C++ fmt lib. Partial arguments substitution

Question

I have a single big template (loaded from file) in which I'm supposed to replace named arguments with their actual values. The issue is that I need to do it in two different functions, so part of the named arguments need to be substituted in func1() and part - in func2().

The desired behavior is that the following below returns myarg1 myarg2

#include <iostream>
#include <string>

#include <fmt/core.h>

std::string func1(std::string& templ) {
    return fmt::format(templ, fmt::arg("arg1", "myarg1"));
}

std::string func2(std::string& templ) {
    return fmt::format(templ, fmt::arg("arg2", "myarg2"));
}

int main() {
    std::string templ = "{arg1} {arg2}";
    templ = func1(templ);
    templ = func2(templ);

    std::cout << templ << std::endl;
}

However I get terminate called after throwing an instance of 'fmt::v6::format_error' what(): argument not found inside the first function.

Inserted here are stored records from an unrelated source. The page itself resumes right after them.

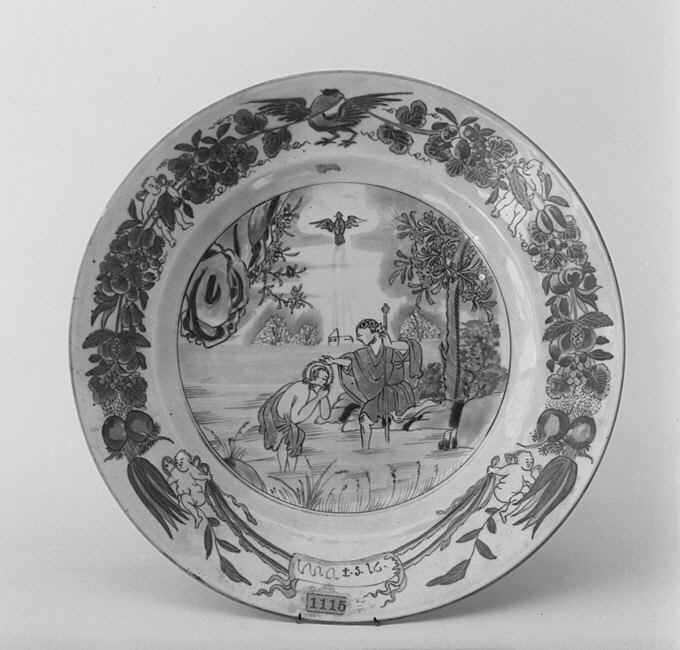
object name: plate
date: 1730
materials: hard paste porcelain
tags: birds,men,praying

Is there a way to do partial/gradual arguments substitution in fmt ?

Answer 1

You can do it! You have to make sure that your {arg2} survives func1 by escaping the brackets, e. g. {{arg2}}

#include <iostream>
#include <string>

#include <fmt/core.h>

std::string func1(std::string& templ) {
    return fmt::format(templ, fmt::arg("arg1", "myarg1"));
}

std::string func2(std::string& templ) {
    return fmt::format(templ, fmt::arg("arg2", "myarg2"));
}

int main() {
    std::string templ = "{arg1} {{arg2}}";
    templ = func1(templ);
    templ = func2(templ);

    std::cout << templ << std::endl;
}

Answer 2

No, {fmt} requires all arguments to be passed in one call.